As you age, vision problems can increase, sight become foggy and you're more susceptible to a host of diseases that can permanently damage your eyesight. Close up vision can blur, eyes can become dry, and cataracts, macular degeneration, and glaucoma can set in.
Age related vision problems start to occur more commonly after age 40. The risk of cataracts, or clouding of the lens may start. Macular degeneration, when the macula, the part of the eye that allows you to see fine detail becomes damaged, is another age-related eye disease. As is glaucoma, when pressure is put on the optic nerve of the eye eventually damages vision.

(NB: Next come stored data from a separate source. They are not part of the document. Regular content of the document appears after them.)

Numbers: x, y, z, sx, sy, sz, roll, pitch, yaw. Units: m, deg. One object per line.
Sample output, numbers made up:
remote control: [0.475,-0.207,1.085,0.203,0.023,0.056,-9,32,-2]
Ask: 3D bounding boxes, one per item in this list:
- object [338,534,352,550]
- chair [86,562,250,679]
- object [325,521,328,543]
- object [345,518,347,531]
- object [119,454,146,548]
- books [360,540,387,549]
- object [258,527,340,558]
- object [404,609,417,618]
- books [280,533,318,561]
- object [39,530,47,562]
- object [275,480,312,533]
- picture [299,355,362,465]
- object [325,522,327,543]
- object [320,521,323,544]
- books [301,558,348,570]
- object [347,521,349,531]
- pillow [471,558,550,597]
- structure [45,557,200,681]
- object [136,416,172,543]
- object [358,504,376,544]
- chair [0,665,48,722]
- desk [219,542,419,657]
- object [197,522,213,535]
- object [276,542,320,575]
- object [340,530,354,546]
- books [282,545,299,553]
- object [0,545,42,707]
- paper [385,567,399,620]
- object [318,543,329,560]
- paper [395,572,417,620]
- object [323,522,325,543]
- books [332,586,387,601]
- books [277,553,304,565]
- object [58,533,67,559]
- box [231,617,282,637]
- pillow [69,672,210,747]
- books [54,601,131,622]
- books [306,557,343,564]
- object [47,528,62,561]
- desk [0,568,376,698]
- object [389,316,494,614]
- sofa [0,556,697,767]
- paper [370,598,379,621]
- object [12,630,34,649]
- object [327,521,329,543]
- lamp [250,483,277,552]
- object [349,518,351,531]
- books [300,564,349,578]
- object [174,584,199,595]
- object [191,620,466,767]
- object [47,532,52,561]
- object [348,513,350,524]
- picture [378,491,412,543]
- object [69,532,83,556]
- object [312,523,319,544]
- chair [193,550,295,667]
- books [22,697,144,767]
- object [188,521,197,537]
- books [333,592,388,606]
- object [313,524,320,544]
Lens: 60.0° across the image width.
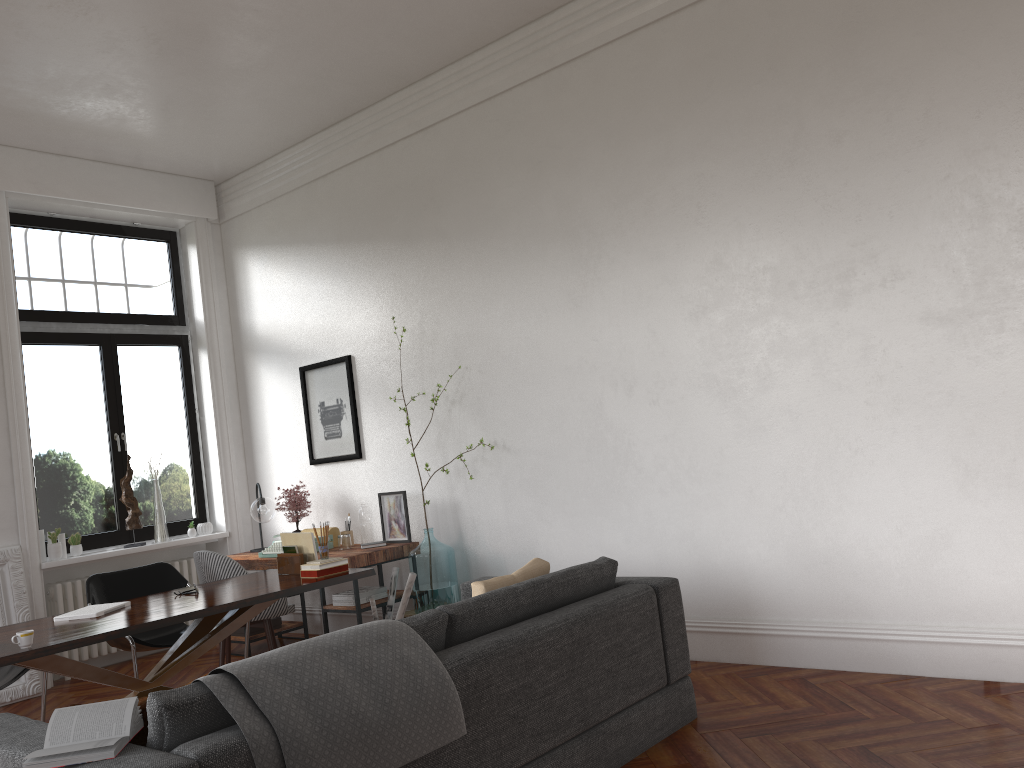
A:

5 Tips to Avoid Vision Problems As You Age
1. Get an Eye Exam
There are 41 million cases of blindness, low vision, or age-related eye disease in those over age 40. Lower your risk of diseases like glaucoma and macular degeneration progressing to blindness by catching them early. If you have risk factors for glaucoma like smoking, diabetes, and a family history you should have a baseline eye exam. If caught early, eye drops can prevent the progression of macular degeneration as well.
2. Eat For Good Vision
Eat for good vision. Make sure you’re getting enough omega-3 fatty acids, lutein, zinc, vitamin C, and vitamin E. Eat plenty of leafy green vegetables like spinach, kale, and collard greens. Enjoy oily fish like salmon, herring, and anchovies as well as oysters, wheat germ, tofu, and nuts.
3. Quit Smoking
Smoking is a risk factor for eye diseases like glaucoma (along with more chronic illnesses than I don't have the space to list). Don’t smoke. Enough said.
4. Look Away From Your Computer Screen
“We don’t blink as much when using screens,” said Dr. Joshua L. Dunaief, associate professor of ophthalmology at the University of Pennsylvania’s Scheie Eye Institute, reported on NBC News, “because the blink response is suppressed. So we don’t spread tears across our eyes and they wind up drying out.”
5. Wear Sunglasses
Sunglasses protect your eyes from the sun if they block 99 to 100 percent of UV radiation. Wear sunglasses big enough to cover the whole eye.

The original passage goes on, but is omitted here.